Si tratta di un vero e proprio disturbo mentale, caratterizzato da allucinazioni e deliri simili a quelli dell’alcolismo, unicamente dovuto alla denutrizione. I soggetti più colpiti sono naturalmente appartenenti alle classi sociali più povere. La fame più nera colpisce indistintamente giovani, donne e bambini. In questi casi non si ricorre ad un trattamento farmacologico, è sufficiente una alimentazione regolare durante il periodo di degenza. Di fronte ad una “malattia” mentale di questo tipo appare evidente che il problema psichiatrico è solo la punta di un iceberg che ha alla base gravi carenze di ordine sociale.

Il curare e il dimettere questi pazienti diventa un’impresa impossibile: il terrore di ritornare a patire la fame non motiva affatto il malato alla guarigione, preferisce infatti rimanere del tutto soggetto alla vita di reparto che, per quanto malsana e violenta, è comunque in grado di assicurargli la sopravvivenza, ovvero il cibo.

Altro grave fenomeno è quello dell’alcolismo, secondo solo alla follia carenziale, che colpisce sempre e soprattutto i ceti più emarginati ed “inutili”.

I grandi ospedali psichiatrici pubblici della periferia di Rio (quelli privati del centro possono tranquillamente competere con le migliori cliniche europee) sono ridotti così ad enormi depositi di malati cronici, “senza speranza”, ricoverati ad vitam, mantenuti da una assistenza pubblica indecorosa: scarseggiano i farmaci, l’unica iniziativa “terapeutica” perseguita è quella di tenere in qualche modo i pazienti in vita.

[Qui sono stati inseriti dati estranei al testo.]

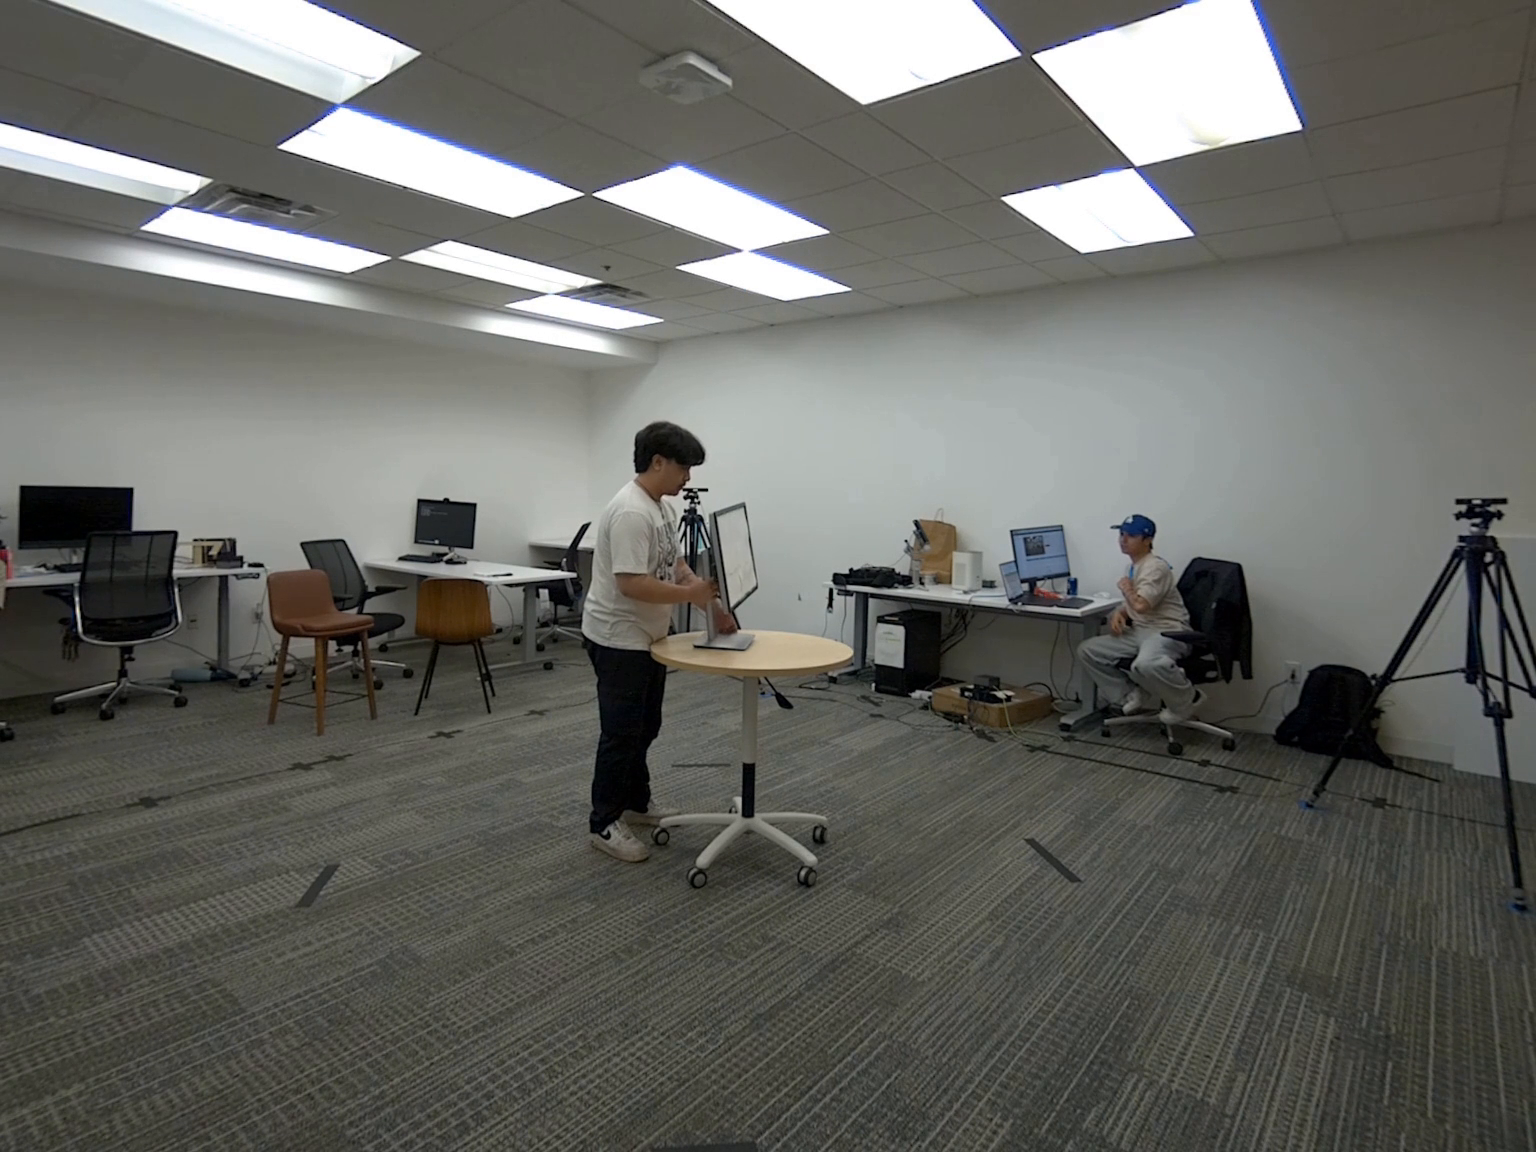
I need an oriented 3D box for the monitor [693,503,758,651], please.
[{"bbox_3d":[-0.196,0.001,3.270,0.212,0.551,0.562,-3,7,10],"label":"monitor"}]
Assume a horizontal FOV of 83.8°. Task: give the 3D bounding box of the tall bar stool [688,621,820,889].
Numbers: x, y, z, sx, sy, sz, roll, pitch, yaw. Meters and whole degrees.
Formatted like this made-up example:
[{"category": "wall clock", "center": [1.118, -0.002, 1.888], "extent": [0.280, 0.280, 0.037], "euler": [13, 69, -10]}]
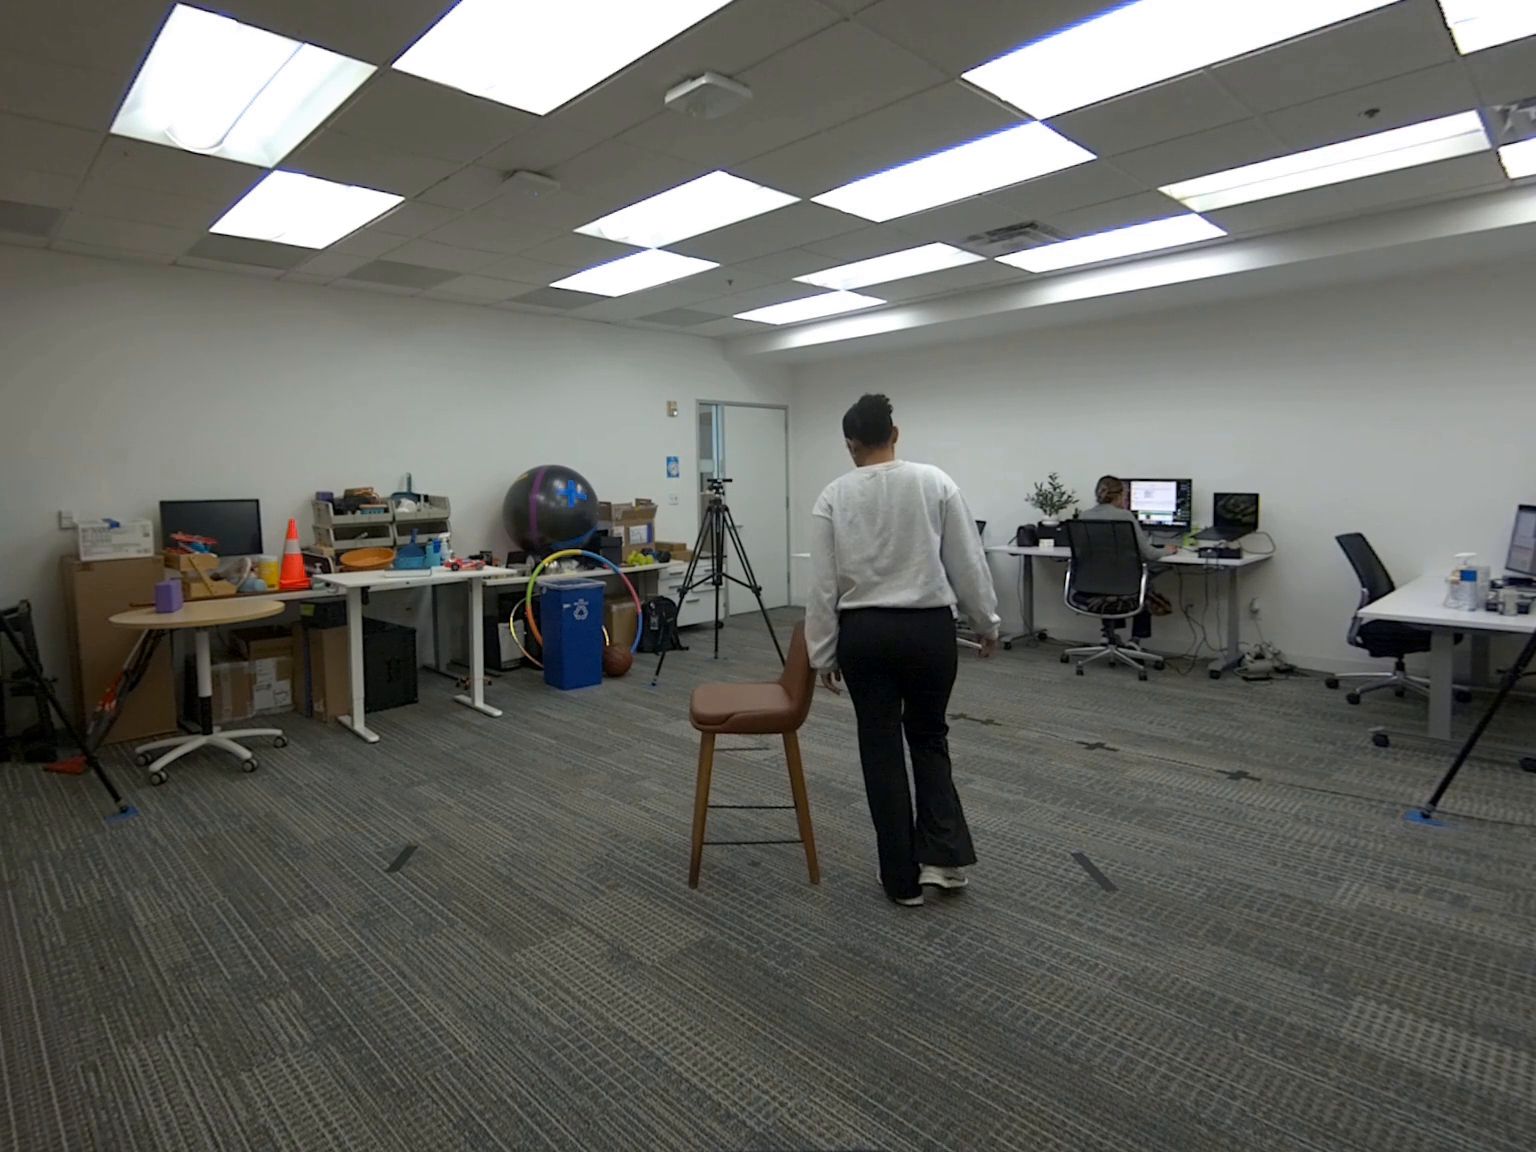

Questi “affidano la propria identità” ad una medaglietta di latta numerata, vestono un’unica divisa, originariamente forse bianca, e vagano per queste strutture fatiscenti che ricordano più le istituzioni penitenziarie che non sanitarie. Fare terapia in senso psichiatrico in tale contesto diventa davvero drammatico e lo stato di esasperazione e frustrazione del personale sanitario e medico è ai limiti.

IL CONFRONTO

Per un medico europeo è insolito incontrare nel corso della sua esperienza professionale deliri causati da mancanza di cibo; è comunque raro anche per un medico brasiliano incontrare malattie come l’anoressia, disturbo mentale quasi sconosciuto nello stato di Rio.

L’anoressia (ovvero il rifiuto sistematico del cibo), è la malattia psichiatrica che colpisce il più alto numero di giovani donne italiana.

A questo punto sorge spontanea una constatazione: scegliere di rifiutare il cibo fino a rischiare la morte è solo una “libertà” (se esiste una vera libertà nella sofferenza mentale) concessa al malato di una società del benessere che può manipolare l’assunzione o meno del cibo al fine di esercitare un ricatto-punizione nei confronti di sé stesso o delle relazioni significative tenute con il mondo esterno.

Il delirio da fame brasiliano e il lasciarsi morire da fame europeo sono i punti estremi di un paradosso psicosociale che lascia un certo sconcerto e segna i limiti massimi delle possibili distanze tra questi due mondi che si misurano dalla possibilità o meno di poter accedere alla soddisfazione di un bisogno primario elementare qual’è appunto l’assunzione del cibo.